▶ [Description of the task] Exact transcription, pictures omitted: begin at the top line of the records below and end with the line bearing "Architecture &amp; Precision Engineering</text>".

▶ [Dataset records]
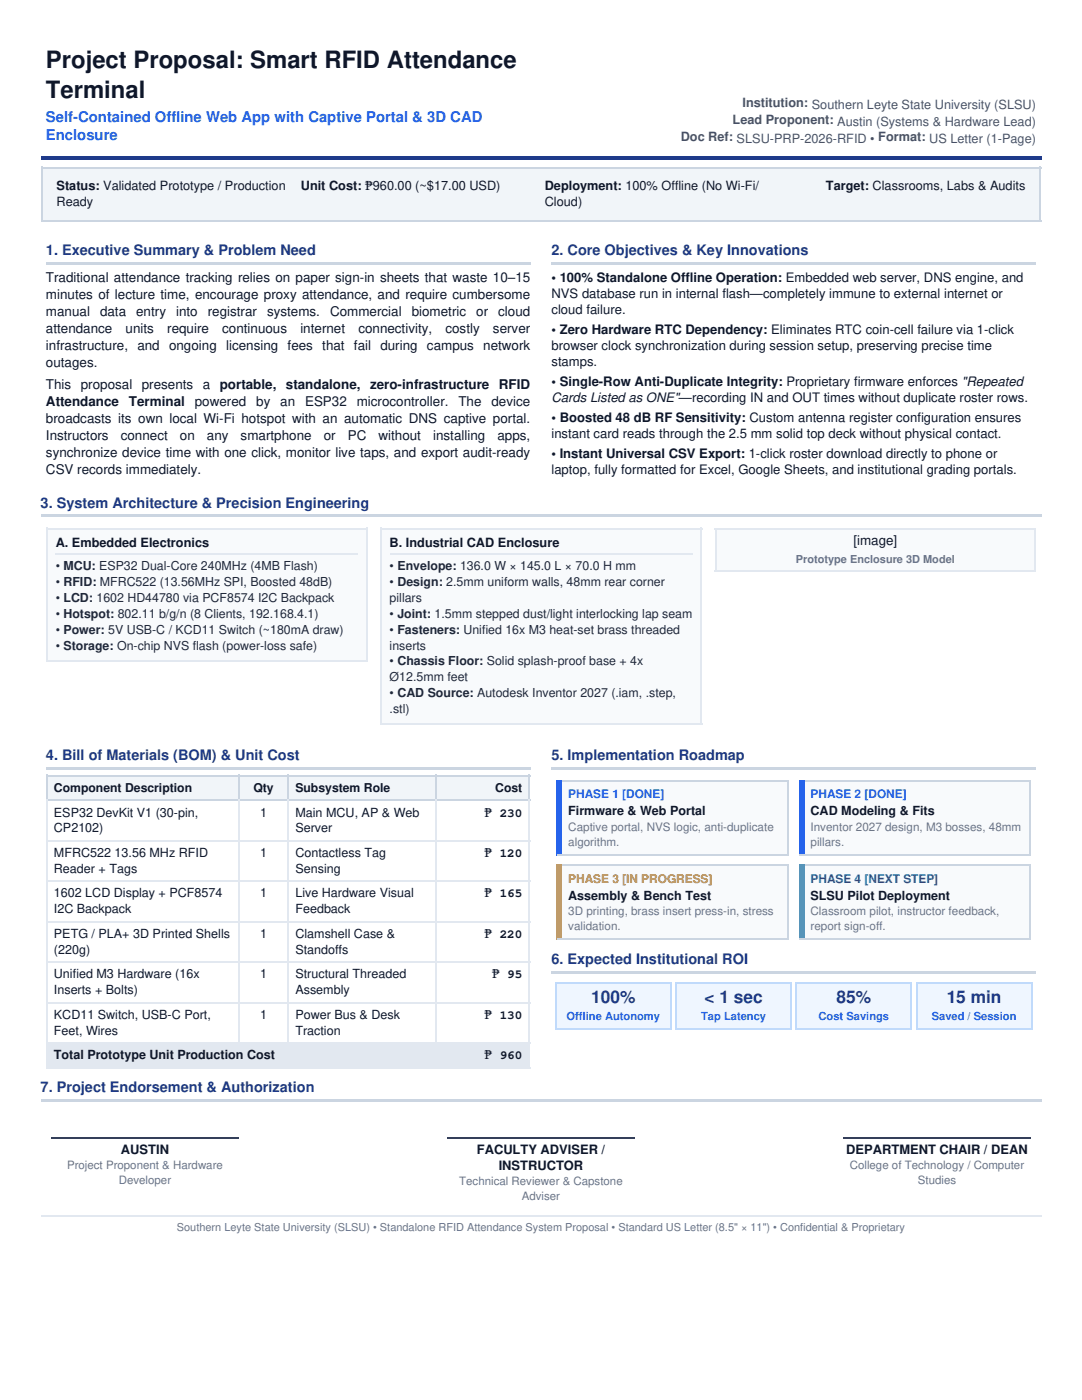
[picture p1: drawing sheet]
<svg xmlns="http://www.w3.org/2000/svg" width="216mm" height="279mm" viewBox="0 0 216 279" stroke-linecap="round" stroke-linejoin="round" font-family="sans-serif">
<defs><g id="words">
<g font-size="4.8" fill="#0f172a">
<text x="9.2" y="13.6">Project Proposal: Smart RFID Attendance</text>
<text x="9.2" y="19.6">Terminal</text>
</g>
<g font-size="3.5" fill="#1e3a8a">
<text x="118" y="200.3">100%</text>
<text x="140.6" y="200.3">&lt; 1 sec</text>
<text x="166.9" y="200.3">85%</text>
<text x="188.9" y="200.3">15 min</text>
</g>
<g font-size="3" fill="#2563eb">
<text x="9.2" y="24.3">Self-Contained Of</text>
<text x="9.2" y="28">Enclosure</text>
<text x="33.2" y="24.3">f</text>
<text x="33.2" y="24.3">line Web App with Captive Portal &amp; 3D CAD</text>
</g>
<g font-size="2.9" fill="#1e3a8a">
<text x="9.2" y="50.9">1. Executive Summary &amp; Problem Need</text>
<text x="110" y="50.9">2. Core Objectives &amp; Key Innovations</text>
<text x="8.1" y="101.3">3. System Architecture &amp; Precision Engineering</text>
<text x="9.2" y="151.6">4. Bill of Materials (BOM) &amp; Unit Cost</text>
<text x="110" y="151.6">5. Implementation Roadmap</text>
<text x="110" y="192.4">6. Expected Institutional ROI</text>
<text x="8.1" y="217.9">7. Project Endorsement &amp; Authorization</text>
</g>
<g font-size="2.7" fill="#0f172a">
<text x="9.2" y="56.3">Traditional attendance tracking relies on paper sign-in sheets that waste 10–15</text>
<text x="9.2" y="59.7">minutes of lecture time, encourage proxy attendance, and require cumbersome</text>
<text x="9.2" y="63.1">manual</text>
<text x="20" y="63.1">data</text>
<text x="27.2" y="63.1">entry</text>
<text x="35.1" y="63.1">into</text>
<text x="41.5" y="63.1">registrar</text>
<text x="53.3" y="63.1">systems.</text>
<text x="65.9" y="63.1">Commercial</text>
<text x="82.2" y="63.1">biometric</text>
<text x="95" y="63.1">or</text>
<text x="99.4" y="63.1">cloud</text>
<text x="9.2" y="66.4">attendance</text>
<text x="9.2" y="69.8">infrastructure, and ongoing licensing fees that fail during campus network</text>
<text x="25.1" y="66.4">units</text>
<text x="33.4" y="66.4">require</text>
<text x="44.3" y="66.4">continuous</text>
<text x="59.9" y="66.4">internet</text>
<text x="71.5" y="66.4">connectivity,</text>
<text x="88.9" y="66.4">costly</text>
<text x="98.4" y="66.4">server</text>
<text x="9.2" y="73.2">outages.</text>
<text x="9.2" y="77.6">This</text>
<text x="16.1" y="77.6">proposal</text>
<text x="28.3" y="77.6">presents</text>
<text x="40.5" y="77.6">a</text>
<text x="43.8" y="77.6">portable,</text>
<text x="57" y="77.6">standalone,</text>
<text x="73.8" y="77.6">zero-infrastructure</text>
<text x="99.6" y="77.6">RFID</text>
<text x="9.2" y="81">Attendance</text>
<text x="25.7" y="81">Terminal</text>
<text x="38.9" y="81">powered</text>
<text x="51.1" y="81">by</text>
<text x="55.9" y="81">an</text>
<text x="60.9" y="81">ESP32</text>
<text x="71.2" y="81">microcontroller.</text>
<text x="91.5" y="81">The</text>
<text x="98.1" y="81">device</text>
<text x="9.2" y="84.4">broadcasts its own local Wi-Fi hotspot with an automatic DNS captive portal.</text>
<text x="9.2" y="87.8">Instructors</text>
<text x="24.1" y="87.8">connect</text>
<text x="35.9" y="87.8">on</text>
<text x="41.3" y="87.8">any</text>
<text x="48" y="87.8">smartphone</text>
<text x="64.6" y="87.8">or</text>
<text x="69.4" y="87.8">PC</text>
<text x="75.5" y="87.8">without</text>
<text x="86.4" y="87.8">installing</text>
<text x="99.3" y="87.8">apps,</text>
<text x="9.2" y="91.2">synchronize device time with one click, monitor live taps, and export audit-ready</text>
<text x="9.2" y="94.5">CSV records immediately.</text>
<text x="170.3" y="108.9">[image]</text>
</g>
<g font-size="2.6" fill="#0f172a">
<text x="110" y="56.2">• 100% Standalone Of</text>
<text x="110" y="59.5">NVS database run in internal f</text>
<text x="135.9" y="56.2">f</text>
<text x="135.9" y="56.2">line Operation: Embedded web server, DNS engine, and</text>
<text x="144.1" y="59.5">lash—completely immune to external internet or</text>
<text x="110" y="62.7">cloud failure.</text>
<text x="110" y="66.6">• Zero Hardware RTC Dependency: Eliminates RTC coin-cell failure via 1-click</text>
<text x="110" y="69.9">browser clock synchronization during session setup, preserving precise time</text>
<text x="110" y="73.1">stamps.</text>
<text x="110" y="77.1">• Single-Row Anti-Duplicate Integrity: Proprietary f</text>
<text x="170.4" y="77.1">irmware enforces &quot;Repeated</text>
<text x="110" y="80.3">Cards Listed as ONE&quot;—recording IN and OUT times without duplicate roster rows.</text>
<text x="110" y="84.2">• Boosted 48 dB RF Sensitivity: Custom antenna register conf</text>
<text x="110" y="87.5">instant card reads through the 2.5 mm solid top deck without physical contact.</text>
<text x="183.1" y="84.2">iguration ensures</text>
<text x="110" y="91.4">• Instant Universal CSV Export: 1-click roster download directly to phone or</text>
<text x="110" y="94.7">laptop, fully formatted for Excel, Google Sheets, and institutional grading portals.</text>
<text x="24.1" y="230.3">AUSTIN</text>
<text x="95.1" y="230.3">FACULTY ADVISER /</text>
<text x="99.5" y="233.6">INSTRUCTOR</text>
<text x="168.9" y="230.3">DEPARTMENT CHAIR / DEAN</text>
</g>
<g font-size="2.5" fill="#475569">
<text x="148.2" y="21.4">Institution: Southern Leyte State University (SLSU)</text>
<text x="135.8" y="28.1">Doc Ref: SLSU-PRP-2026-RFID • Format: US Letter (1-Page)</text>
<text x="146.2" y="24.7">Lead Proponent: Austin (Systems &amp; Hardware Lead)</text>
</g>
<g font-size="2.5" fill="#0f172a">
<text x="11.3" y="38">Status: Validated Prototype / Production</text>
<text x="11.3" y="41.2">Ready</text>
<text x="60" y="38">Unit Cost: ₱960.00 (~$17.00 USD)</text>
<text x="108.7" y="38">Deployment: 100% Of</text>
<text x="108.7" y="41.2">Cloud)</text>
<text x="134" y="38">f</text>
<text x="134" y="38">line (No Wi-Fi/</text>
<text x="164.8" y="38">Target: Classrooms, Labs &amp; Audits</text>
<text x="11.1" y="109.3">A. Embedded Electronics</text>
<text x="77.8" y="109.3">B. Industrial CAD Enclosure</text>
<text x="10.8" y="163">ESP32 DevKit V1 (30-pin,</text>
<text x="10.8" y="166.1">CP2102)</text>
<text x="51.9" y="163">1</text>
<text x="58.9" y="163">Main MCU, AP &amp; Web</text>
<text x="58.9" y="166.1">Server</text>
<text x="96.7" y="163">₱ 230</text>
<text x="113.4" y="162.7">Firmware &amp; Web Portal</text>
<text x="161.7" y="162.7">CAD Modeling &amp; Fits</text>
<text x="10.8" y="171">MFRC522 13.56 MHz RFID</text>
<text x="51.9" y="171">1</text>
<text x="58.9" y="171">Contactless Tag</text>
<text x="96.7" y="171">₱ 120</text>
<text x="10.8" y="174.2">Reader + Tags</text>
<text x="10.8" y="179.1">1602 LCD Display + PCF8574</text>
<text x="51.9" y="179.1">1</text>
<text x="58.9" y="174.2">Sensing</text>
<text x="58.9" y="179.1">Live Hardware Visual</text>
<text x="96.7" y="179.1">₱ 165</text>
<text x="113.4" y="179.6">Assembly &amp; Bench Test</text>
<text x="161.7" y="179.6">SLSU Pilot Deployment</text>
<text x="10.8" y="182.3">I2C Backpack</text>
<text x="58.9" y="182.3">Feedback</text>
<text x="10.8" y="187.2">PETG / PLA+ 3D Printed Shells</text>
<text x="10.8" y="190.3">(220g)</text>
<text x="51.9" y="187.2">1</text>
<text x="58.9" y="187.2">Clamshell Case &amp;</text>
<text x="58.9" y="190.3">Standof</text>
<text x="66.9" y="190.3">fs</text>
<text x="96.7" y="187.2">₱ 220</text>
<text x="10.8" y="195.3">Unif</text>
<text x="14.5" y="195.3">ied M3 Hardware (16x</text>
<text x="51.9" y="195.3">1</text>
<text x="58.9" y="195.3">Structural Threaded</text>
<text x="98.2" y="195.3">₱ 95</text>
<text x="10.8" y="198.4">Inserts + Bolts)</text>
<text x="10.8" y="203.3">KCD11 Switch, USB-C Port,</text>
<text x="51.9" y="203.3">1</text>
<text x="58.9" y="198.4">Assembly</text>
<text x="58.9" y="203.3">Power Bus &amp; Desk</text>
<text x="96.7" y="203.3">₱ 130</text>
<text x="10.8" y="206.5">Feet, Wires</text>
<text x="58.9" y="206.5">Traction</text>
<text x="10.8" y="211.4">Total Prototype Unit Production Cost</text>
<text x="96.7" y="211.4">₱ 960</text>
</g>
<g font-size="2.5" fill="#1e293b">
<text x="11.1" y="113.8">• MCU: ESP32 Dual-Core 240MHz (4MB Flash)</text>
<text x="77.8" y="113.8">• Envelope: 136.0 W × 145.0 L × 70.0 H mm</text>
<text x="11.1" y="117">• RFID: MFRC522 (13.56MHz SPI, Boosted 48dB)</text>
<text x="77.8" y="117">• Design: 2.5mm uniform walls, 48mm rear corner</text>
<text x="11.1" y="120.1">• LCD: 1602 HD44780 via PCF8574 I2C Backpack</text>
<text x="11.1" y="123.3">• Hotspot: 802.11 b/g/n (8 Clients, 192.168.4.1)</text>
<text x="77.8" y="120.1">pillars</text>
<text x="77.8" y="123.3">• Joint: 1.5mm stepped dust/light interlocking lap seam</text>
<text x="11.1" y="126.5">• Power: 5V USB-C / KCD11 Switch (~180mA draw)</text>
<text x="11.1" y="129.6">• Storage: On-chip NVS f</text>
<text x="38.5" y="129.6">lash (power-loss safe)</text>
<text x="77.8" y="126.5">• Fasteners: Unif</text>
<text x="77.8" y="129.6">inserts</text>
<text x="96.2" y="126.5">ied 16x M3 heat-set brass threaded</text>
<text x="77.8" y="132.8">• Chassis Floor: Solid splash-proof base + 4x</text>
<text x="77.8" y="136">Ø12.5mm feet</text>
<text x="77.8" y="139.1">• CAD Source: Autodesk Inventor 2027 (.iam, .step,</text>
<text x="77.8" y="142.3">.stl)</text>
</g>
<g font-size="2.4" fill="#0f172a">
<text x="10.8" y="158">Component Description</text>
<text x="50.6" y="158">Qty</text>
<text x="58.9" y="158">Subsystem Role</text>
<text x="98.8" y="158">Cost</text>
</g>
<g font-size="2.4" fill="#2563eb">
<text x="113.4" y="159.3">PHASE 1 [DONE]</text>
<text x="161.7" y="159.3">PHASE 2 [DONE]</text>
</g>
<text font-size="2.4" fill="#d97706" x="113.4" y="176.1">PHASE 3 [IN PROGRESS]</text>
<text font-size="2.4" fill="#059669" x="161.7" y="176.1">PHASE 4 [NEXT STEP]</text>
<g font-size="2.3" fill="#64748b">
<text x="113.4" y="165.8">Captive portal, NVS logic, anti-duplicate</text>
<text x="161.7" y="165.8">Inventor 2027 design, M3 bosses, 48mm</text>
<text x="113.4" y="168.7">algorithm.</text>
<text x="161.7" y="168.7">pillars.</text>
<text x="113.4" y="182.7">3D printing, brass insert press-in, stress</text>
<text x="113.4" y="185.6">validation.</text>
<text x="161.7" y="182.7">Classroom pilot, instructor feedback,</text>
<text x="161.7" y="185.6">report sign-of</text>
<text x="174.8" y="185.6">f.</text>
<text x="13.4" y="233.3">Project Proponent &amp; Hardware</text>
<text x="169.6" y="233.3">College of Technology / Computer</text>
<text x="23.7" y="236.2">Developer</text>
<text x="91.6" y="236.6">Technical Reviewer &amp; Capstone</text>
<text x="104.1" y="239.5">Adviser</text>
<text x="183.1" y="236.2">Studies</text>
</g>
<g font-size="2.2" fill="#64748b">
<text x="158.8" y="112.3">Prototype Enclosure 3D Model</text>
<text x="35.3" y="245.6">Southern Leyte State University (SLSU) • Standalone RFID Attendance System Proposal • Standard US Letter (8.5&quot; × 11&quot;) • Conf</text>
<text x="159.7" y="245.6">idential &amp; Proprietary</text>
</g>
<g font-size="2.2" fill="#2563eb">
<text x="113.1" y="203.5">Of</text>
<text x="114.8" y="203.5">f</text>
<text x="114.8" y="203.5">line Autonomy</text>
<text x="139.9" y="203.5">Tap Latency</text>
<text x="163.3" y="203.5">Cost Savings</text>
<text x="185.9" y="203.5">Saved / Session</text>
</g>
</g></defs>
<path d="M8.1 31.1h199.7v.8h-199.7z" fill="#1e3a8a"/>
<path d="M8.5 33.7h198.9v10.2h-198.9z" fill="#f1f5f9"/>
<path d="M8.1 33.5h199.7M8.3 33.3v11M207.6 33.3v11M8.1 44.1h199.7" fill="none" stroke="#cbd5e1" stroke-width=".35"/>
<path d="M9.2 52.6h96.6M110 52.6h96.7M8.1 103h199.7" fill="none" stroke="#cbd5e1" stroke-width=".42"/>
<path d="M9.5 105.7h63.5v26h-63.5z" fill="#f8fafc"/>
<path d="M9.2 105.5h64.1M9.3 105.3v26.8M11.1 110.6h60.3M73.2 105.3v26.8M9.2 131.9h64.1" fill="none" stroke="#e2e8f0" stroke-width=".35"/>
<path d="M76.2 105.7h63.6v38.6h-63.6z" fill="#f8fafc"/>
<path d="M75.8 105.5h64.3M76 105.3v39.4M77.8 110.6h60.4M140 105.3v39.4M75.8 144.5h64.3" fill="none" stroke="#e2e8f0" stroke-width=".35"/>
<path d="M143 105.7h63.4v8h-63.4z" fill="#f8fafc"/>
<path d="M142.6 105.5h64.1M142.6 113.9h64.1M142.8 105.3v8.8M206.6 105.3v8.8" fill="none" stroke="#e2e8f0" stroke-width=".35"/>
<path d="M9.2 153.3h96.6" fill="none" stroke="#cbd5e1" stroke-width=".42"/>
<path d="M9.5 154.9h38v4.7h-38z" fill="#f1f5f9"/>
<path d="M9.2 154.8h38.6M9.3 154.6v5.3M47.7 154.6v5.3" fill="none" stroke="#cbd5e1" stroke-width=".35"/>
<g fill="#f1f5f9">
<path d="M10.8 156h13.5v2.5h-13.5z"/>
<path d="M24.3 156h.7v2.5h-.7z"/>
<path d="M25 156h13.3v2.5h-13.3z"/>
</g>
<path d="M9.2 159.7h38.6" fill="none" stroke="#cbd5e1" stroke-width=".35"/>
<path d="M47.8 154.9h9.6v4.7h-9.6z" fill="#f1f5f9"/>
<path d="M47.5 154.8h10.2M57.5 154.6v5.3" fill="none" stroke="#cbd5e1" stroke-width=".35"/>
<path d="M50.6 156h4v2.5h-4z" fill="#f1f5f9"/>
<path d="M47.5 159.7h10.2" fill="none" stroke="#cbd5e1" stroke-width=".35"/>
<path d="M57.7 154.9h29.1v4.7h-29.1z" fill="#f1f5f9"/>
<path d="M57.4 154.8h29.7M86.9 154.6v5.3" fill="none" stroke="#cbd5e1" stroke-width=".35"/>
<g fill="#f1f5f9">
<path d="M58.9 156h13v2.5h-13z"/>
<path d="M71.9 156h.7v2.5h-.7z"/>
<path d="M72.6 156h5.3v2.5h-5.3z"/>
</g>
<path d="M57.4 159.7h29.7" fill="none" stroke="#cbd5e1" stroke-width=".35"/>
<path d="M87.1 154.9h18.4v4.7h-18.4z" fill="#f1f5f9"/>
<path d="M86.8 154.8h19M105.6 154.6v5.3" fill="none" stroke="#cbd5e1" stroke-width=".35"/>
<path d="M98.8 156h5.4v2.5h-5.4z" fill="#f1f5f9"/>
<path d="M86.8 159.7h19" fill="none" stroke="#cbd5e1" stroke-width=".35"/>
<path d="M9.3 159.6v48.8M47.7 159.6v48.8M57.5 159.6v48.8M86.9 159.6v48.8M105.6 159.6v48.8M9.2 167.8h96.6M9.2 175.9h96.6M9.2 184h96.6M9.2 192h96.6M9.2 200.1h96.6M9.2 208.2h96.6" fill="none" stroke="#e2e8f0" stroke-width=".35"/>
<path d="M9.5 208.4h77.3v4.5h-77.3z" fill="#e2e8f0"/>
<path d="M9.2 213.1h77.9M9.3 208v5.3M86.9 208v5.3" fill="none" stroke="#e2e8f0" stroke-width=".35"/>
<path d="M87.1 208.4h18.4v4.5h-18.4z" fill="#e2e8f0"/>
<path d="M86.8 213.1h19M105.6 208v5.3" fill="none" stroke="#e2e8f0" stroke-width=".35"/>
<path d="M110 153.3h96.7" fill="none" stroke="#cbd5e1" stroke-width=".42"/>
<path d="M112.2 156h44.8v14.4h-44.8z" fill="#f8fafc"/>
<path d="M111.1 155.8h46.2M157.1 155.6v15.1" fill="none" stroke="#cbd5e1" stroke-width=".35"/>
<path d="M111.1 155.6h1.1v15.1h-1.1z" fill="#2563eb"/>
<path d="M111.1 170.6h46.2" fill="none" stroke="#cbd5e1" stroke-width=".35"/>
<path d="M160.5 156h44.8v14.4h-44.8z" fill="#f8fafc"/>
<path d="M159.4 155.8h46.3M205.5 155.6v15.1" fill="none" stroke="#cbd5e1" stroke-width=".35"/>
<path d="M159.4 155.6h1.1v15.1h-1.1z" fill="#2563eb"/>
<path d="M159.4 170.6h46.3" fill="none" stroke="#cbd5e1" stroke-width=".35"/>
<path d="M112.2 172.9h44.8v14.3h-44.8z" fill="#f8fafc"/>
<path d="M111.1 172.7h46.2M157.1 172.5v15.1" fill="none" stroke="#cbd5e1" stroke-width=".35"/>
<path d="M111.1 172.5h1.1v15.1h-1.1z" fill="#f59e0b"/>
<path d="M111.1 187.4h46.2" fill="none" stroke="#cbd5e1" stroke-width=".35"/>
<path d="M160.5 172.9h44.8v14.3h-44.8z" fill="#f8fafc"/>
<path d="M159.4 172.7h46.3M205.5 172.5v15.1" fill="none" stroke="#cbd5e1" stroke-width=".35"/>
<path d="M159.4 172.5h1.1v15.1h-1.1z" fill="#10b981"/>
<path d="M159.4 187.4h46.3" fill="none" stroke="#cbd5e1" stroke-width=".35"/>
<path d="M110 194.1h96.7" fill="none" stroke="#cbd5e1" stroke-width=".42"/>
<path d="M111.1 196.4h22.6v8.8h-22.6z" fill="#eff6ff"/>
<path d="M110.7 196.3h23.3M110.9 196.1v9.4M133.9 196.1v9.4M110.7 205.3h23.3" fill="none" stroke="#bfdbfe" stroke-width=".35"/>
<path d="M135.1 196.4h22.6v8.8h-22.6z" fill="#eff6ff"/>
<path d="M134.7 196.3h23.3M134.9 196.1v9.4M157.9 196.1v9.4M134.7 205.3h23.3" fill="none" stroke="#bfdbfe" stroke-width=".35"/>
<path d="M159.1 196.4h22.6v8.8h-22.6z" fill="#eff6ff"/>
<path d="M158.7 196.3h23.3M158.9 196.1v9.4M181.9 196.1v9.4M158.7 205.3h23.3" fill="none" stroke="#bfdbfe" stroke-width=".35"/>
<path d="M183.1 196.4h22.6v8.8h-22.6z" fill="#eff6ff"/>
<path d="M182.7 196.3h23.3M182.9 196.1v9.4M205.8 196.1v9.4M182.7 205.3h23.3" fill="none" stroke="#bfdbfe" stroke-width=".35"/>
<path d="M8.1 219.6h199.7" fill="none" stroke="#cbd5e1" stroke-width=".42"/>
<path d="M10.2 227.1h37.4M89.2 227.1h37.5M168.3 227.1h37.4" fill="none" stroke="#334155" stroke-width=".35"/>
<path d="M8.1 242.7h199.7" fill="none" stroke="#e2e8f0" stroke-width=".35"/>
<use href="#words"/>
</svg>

▶ [Task result]
[picture p1: drawing sheet]
<svg xmlns="http://www.w3.org/2000/svg" width="216mm" height="279mm" viewBox="0 0 216 279" stroke-linecap="round" stroke-linejoin="round" font-family="sans-serif">
<defs><g id="words">
<g font-size="4.8" fill="#0f172a">
<text x="9.2" y="13.6">Project Proposal: Smart RFID Attendance</text>
<text x="9.2" y="19.6">Terminal</text>
</g>
<g font-size="3.5" fill="#1e3a8a">
<text x="118" y="200.3">100%</text>
<text x="140.6" y="200.3">&lt; 1 sec</text>
<text x="166.9" y="200.3">85%</text>
<text x="188.9" y="200.3">15 min</text>
</g>
<g font-size="3" fill="#2563eb">
<text x="9.2" y="24.3">Self-Contained Of</text>
<text x="9.2" y="28">Enclosure</text>
<text x="33.2" y="24.3">f</text>
<text x="33.2" y="24.3">line Web App with Captive Portal &amp; 3D CAD</text>
</g>
<g font-size="2.9" fill="#1e3a8a">
<text x="9.2" y="50.9">1. Executive Summary &amp; Problem Need</text>
<text x="110" y="50.9">2. Core Objectives &amp; Key Innovations</text>
<text x="8.1" y="101.3">3. System Architecture &amp; Precision Engineering</text>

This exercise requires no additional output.